Shared by Barbara Taranto
A Community of Women Kept a Ukrainian Knish Tradition Alive in Canada’s Prairies
A Community of Women Kept a Ukrainian Knish Tradition Alive in Canada’s Prairies
Family Journey
When Barbara Taranto was growing up in the Canadian city Saskatoon in the 1950s and 1960s, invitations to Jewish celebrations or simchas, like bar mitzvahs and weddings, were never mailed within the small community. “Everyone assumed that you went,” says Barbara, a librarian and archivist who now lives in Tel Aviv.
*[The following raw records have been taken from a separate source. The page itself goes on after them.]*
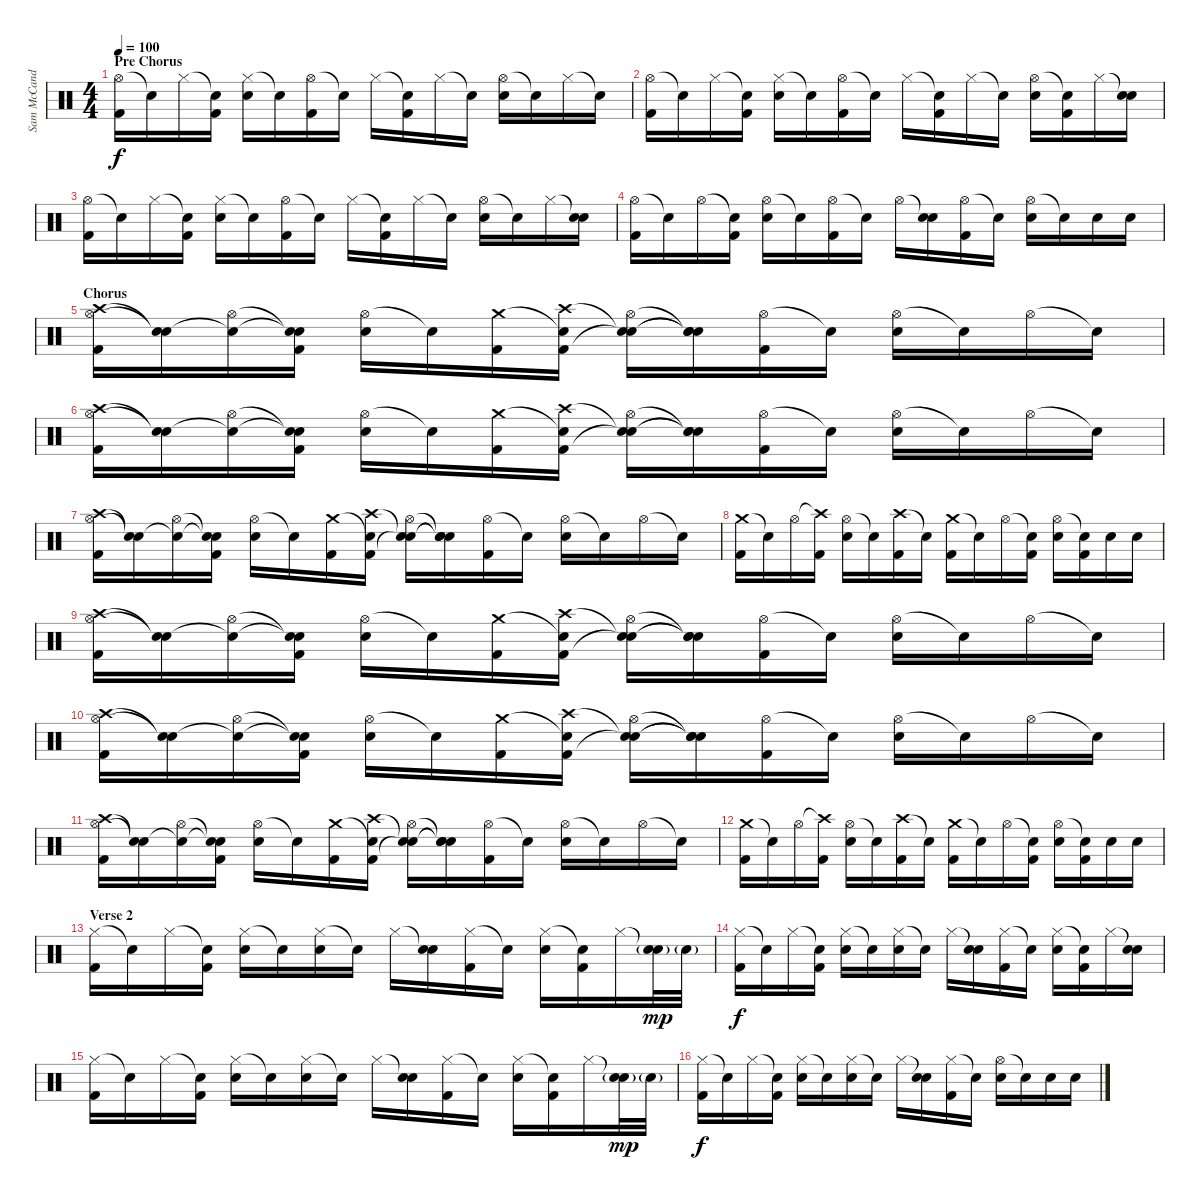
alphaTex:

\track ("Sam McCandless (Drums)" "Sam McCand") {instrument percussion}
\staff {score}
\articulation defaults
\ts (4 4)
\section ("" "Pre Chorus")
\tempo 100
\clef neutral
\ks c
("Hi-Hat (open)" "Kick (hit) 2").16{dy f} "Snare (hit)"{t}.16 "Hi-Hat (closed)".16 ("Snare (hit)"{t} "Kick (hit) 2").16 ("Hi-Hat (closed)" "Electric Snare (hit)").16 "Snare (hit)"{t}.16 ("Hi-Hat (open)" "Kick (hit) 2").16 "Snare (hit)"{t}.16 "Hi-Hat (closed)".16 ("Snare (hit)"{t} "Kick (hit) 2").16 "Hi-Hat (closed)".16 "Snare (hit)"{t}.16 ("Hi-Hat (open)" "Electric Snare (hit)").16 "Snare (hit)"{t}.16 "Hi-Hat (closed)".16 "Snare (hit)"{t}.16 |
("Hi-Hat (open)" "Kick (hit) 2").16 "Snare (hit)"{t}.16 "Hi-Hat (closed)".16 ("Snare (hit)"{t} "Kick (hit) 2").16 ("Hi-Hat (closed)" "Electric Snare (hit)").16 "Snare (hit)"{t}.16 ("Hi-Hat (open)" "Kick (hit) 2").16 "Snare (hit)"{t}.16 "Hi-Hat (closed)".16 ("Snare (hit)"{t} "Kick (hit) 2").16 "Hi-Hat (closed)".16 "Snare (hit)"{t}.16 ("Hi-Hat (open)" "Electric Snare (hit)").16 ("Snare (hit)"{t} "Kick (hit) 2").16 "Hi-Hat (closed)".16 ("Snare (hit)"{t} "Electric Snare (hit)").16 |
("Hi-Hat (open)" "Kick (hit) 2").16 "Snare (hit)"{t}.16 "Hi-Hat (closed)".16 ("Snare (hit)"{t} "Kick (hit) 2").16 ("Hi-Hat (closed)" "Electric Snare (hit)").16 "Snare (hit)"{t}.16 ("Hi-Hat (open)" "Kick (hit) 2").16 "Snare (hit)"{t}.16 "Hi-Hat (closed)".16 ("Snare (hit)"{t} "Kick (hit) 2").16 "Hi-Hat (closed)".16 "Snare (hit)"{t}.16 ("Hi-Hat (open)" "Electric Snare (hit)").16 "Snare (hit)"{t}.16 "Hi-Hat (closed)".16 ("Snare (hit)"{t} "Electric Snare (hit)").16 |
("Hi-Hat (open)" "Kick (hit) 2").16 "Snare (hit)"{t}.16 "Hi-Hat (open)".16 ("Snare (hit)"{t} "Kick (hit) 2").16 ("Hi-Hat (open)" "Electric Snare (hit)").16 "Snare (hit)"{t}.16 ("Hi-Hat (open)" "Kick (hit) 2").16 "Snare (hit)"{t}.16 "Hi-Hat (open)".16 ("Snare (hit)"{t} "Electric Snare (hit)").16 ("Hi-Hat (open)" "Kick (hit) 2").16 "Snare (hit)"{t}.16 ("Hi-Hat (open)" "Electric Snare (hit)").16 "Snare (hit)"{t}.16 "Electric Snare (hit)".16 "Electric Snare (hit)".16 |
\section ("" "Chorus")
("Hi-Hat (open)" "Crash high (hit)" "Kick (hit) 2").16 ("Snare (hit)"{t} "Snare (hit)"{t}).16 ("Hi-Hat (open)" "Snare (hit)"{t}).16 ("Snare (hit)"{t} "Snare (hit)"{t} "Kick (hit) 2").16 ("Hi-Hat (open)" "Electric Snare (hit)").16 "Snare (hit)"{t}.16 ("Crash medium (hit)" "Kick (hit) 2").16 ("Snare (hit)"{t} "Crash high (hit)" "Kick (hit) 2").16 ("Hi-Hat (open)" "Snare (hit)"{t} "Snare (hit)"{t}).16 ("Snare (hit)"{t} "Snare (hit)"{t} "Snare (hit)"{t}).16 ("Hi-Hat (open)" "Kick (hit) 2").16 "Snare (hit)"{t}.16 ("Hi-Hat (open)" "Electric Snare (hit)").16 "Snare (hit)"{t}.16 "Hi-Hat (open)".16 "Snare (hit)"{t}.16 |
("Hi-Hat (open)" "Crash high (hit)" "Kick (hit) 2").16 ("Snare (hit)"{t} "Snare (hit)"{t}).16 ("Hi-Hat (open)" "Snare (hit)"{t}).16 ("Snare (hit)"{t} "Snare (hit)"{t} "Kick (hit) 2").16 ("Hi-Hat (open)" "Electric Snare (hit)").16 "Snare (hit)"{t}.16 ("Crash medium (hit)" "Kick (hit) 2").16 ("Snare (hit)"{t} "Crash high (hit)" "Kick (hit) 2").16 ("Hi-Hat (open)" "Snare (hit)"{t} "Snare (hit)"{t}).16 ("Snare (hit)"{t} "Snare (hit)"{t} "Snare (hit)"{t}).16 ("Hi-Hat (open)" "Kick (hit) 2").16 "Snare (hit)"{t}.16 ("Hi-Hat (open)" "Electric Snare (hit)").16 "Snare (hit)"{t}.16 "Hi-Hat (open)".16 "Snare (hit)"{t}.16 |
("Hi-Hat (open)" "Crash high (hit)" "Kick (hit) 2").16 ("Snare (hit)"{t} "Snare (hit)"{t}).16 ("Hi-Hat (open)" "Snare (hit)"{t}).16 ("Snare (hit)"{t} "Snare (hit)"{t} "Kick (hit) 2").16 ("Hi-Hat (open)" "Electric Snare (hit)").16 "Snare (hit)"{t}.16 ("Crash medium (hit)" "Kick (hit) 2").16 ("Snare (hit)"{t} "Crash high (hit)" "Kick (hit) 2").16 ("Hi-Hat (open)" "Snare (hit)"{t} "Snare (hit)"{t}).16 ("Snare (hit)"{t} "Snare (hit)"{t} "Snare (hit)"{t}).16 ("Hi-Hat (open)" "Kick (hit) 2").16 "Snare (hit)"{t}.16 ("Hi-Hat (open)" "Electric Snare (hit)").16 "Snare (hit)"{t}.16 "Hi-Hat (open)".16 "Snare (hit)"{t}.16 |
("Crash medium (hit)" "Kick (hit) 2").16 "Snare (hit)"{t}.16 "Hi-Hat (open)".16 ("Crash high (hit)"{t} "Kick (hit) 2").16 ("Hi-Hat (open)" "Electric Snare (hit)").16 "Snare (hit)"{t}.16 ("Crash high (hit)" "Kick (hit) 2").16 "Snare (hit)"{t}.16 ("Crash medium (hit)" "Kick (hit) 2").16 "Snare (hit)"{t}.16 "Hi-Hat (open)".16 ("Snare (hit)"{t} "Kick (hit) 2").16 ("Hi-Hat (open)" "Electric Snare (hit)").16 ("Snare (hit)"{t} "Kick (hit) 2").16 "Electric Snare (hit)".16 "Electric Snare (hit)".16 |
("Hi-Hat (open)" "Crash high (hit)" "Kick (hit) 2").16 ("Snare (hit)"{t} "Snare (hit)"{t}).16 ("Hi-Hat (open)" "Snare (hit)"{t}).16 ("Snare (hit)"{t} "Snare (hit)"{t} "Kick (hit) 2").16 ("Hi-Hat (open)" "Electric Snare (hit)").16 "Snare (hit)"{t}.16 ("Crash medium (hit)" "Kick (hit) 2").16 ("Snare (hit)"{t} "Crash high (hit)" "Kick (hit) 2").16 ("Hi-Hat (open)" "Snare (hit)"{t} "Snare (hit)"{t}).16 ("Snare (hit)"{t} "Snare (hit)"{t} "Snare (hit)"{t}).16 ("Hi-Hat (open)" "Kick (hit) 2").16 "Snare (hit)"{t}.16 ("Hi-Hat (open)" "Electric Snare (hit)").16 "Snare (hit)"{t}.16 "Hi-Hat (open)".16 "Snare (hit)"{t}.16 |
("Hi-Hat (open)" "Crash high (hit)" "Kick (hit) 2").16 ("Snare (hit)"{t} "Snare (hit)"{t}).16 ("Hi-Hat (open)" "Snare (hit)"{t}).16 ("Snare (hit)"{t} "Snare (hit)"{t} "Kick (hit) 2").16 ("Hi-Hat (open)" "Electric Snare (hit)").16 "Snare (hit)"{t}.16 ("Crash medium (hit)" "Kick (hit) 2").16 ("Snare (hit)"{t} "Crash high (hit)" "Kick (hit) 2").16 ("Hi-Hat (open)" "Snare (hit)"{t} "Snare (hit)"{t}).16 ("Snare (hit)"{t} "Snare (hit)"{t} "Snare (hit)"{t}).16 ("Hi-Hat (open)" "Kick (hit) 2").16 "Snare (hit)"{t}.16 ("Hi-Hat (open)" "Electric Snare (hit)").16 "Snare (hit)"{t}.16 "Hi-Hat (open)".16 "Snare (hit)"{t}.16 |
("Hi-Hat (open)" "Crash high (hit)" "Kick (hit) 2").16 ("Snare (hit)"{t} "Snare (hit)"{t}).16 ("Hi-Hat (open)" "Snare (hit)"{t}).16 ("Snare (hit)"{t} "Snare (hit)"{t} "Kick (hit) 2").16 ("Hi-Hat (open)" "Electric Snare (hit)").16 "Snare (hit)"{t}.16 ("Crash medium (hit)" "Kick (hit) 2").16 ("Snare (hit)"{t} "Crash high (hit)" "Kick (hit) 2").16 ("Hi-Hat (open)" "Snare (hit)"{t} "Snare (hit)"{t}).16 ("Snare (hit)"{t} "Snare (hit)"{t} "Snare (hit)"{t}).16 ("Hi-Hat (open)" "Kick (hit) 2").16 "Snare (hit)"{t}.16 ("Hi-Hat (open)" "Electric Snare (hit)").16 "Snare (hit)"{t}.16 "Hi-Hat (open)".16 "Snare (hit)"{t}.16 |
("Crash medium (hit)" "Kick (hit) 2").16 "Snare (hit)"{t}.16 "Hi-Hat (open)".16 ("Crash high (hit)"{t} "Kick (hit) 2").16 ("Hi-Hat (open)" "Electric Snare (hit)").16 "Snare (hit)"{t}.16 ("Crash high (hit)" "Kick (hit) 2").16 "Snare (hit)"{t}.16 ("Crash medium (hit)" "Kick (hit) 2").16 "Snare (hit)"{t}.16 "Hi-Hat (open)".16 ("Snare (hit)"{t} "Kick (hit) 2").16 ("Hi-Hat (open)" "Electric Snare (hit)").16 ("Snare (hit)"{t} "Kick (hit) 2").16 "Electric Snare (hit)".16 "Electric Snare (hit)".16 |
\section ("" "Verse 2")
("Hi-Hat (closed)" "Kick (hit) 2").16 "Snare (hit)"{t}.16 "Hi-Hat (closed)".16 ("Snare (hit)"{t} "Kick (hit) 2").16 ("Hi-Hat (closed)" "Electric Snare (hit)").16 "Snare (hit)"{t}.16 ("Hi-Hat (closed)" "Electric Snare (hit)").16 "Snare (hit)"{t}.16 "Hi-Hat (closed)".16 ("Snare (hit)"{t} "Electric Snare (hit)").16 ("Hi-Hat (closed)" "Kick (hit) 2").16 "Snare (hit)"{t}.16 ("Hi-Hat (closed)" "Electric Snare (hit)").16 ("Snare (hit)"{t} "Kick (hit) 2").16 "Hi-Hat (closed)".16 ("Snare (hit)"{t} "Electric Snare (hit)"{g}).32{dy mp} "Electric Snare (hit)"{g}.32 |
("Hi-Hat (closed)" "Kick (hit) 2").16{dy f} "Snare (hit)"{t}.16 "Hi-Hat (closed)".16 ("Snare (hit)"{t} "Kick (hit) 2").16 ("Hi-Hat (closed)" "Electric Snare (hit)").16 "Snare (hit)"{t}.16 ("Hi-Hat (closed)" "Electric Snare (hit)").16 "Snare (hit)"{t}.16 "Hi-Hat (closed)".16 ("Snare (hit)"{t} "Electric Snare (hit)").16 ("Hi-Hat (closed)" "Kick (hit) 2").16 "Snare (hit)"{t}.16 ("Hi-Hat (closed)" "Electric Snare (hit)").16 ("Snare (hit)"{t} "Kick (hit) 2").16 "Hi-Hat (closed)".16 ("Snare (hit)"{t} "Electric Snare (hit)").16 |
("Hi-Hat (closed)" "Kick (hit) 2").16 "Snare (hit)"{t}.16 "Hi-Hat (closed)".16 ("Snare (hit)"{t} "Kick (hit) 2").16 ("Hi-Hat (closed)" "Electric Snare (hit)").16 "Snare (hit)"{t}.16 ("Hi-Hat (closed)" "Electric Snare (hit)").16 "Snare (hit)"{t}.16 "Hi-Hat (closed)".16 ("Snare (hit)"{t} "Electric Snare (hit)").16 ("Hi-Hat (closed)" "Kick (hit) 2").16 "Snare (hit)"{t}.16 ("Hi-Hat (closed)" "Electric Snare (hit)").16 ("Snare (hit)"{t} "Kick (hit) 2").16 "Hi-Hat (closed)".16 ("Snare (hit)"{t} "Electric Snare (hit)"{g}).32{dy mp} "Electric Snare (hit)"{g}.32 |
("Hi-Hat (closed)" "Kick (hit) 2").16{dy f} "Snare (hit)"{t}.16 "Hi-Hat (closed)".16 ("Snare (hit)"{t} "Kick (hit) 2").16 ("Hi-Hat (closed)" "Electric Snare (hit)").16 "Snare (hit)"{t}.16 ("Hi-Hat (closed)" "Electric Snare (hit)").16 "Snare (hit)"{t}.16 "Hi-Hat (closed)".16 ("Snare (hit)"{t} "Electric Snare (hit)").16 ("Hi-Hat (closed)" "Kick (hit) 2").16 "Snare (hit)"{t}.16 ("Hi-Hat (open)" "Electric Snare (hit)").16 "Snare (hit)"{t}.16 "Electric Snare (hit)".16 "Electric Snare (hit)".16

“There was a really strong inclination [towards] socialism, for sharing everything and sharing ideas and taking care of the Jewish community as a whole,” she adds. Women like her grandmother Sarah and her mother Goldie would gather together to cook for the celebrations making Ashkenazi staples like kugel, brisket, kasha, chopped liver, and their signature knishes filled with potatoes for parties in the evening when meat would be served and with cheese and rice for midday gatherings. “The recipe is one that was brought to Canada by a lot of different women,” Barbara explains.
Barbara’s grandparents came to Canada from Ovruch in Ukraine in 1900, likely to escape pogroms, she says. The family was part of a wave of Ukrainian immigrants, many of whom were enticed by Canada’s promise of a “quarter section of free land,” or 250 acres where they could build a farm in Canada’s prairies. For a time, her grandfather worked building cabinets for ships in Montreal until the government gave him a homestead. He took a train to Saskatchewan and walked the 100 miles from Saskatoon to D’Arcy with a map from the government to find the land set aside for his family.
The family wasn’t alone. Many Jews settled across the Canadian prairies and “All those communities had one thing in common — they looked after each other,” Barbara says. That continued when the family later moved to Saskatoon when her mother Goldie was a teenager. When Barbara was little, she recalls watching her mother and other women at the local Jewish Community Center as they rolled the dough for the knishes, using an unusual technique where the dough is formed into a large ring and then broken with the heel of one’s hand. “They were like one unit,” she says. Sometime in the 1930s, when dairy products were rationed and rice was cheap and readily available, the rice was added to the cheese knish recipe, according to Goldie.
There was no written recipe, but the style of knishes endured with women making their own renditions at home. Barbara came across some at a Bar Mitzvah in Ottawa a few years ago — made by a woman who came from the prairies. And Goldie, who is 100 years old, continues to make them. When the family gathered for her birthday party “there was a fight over them — who got how many,” says Barbara.
In Tel Aviv, she’s made the recipe with her son Isaac, but she’s never been able to stretch the dough quite as her mother does, adding that, “to me, the magic is in the hands of who makes it.”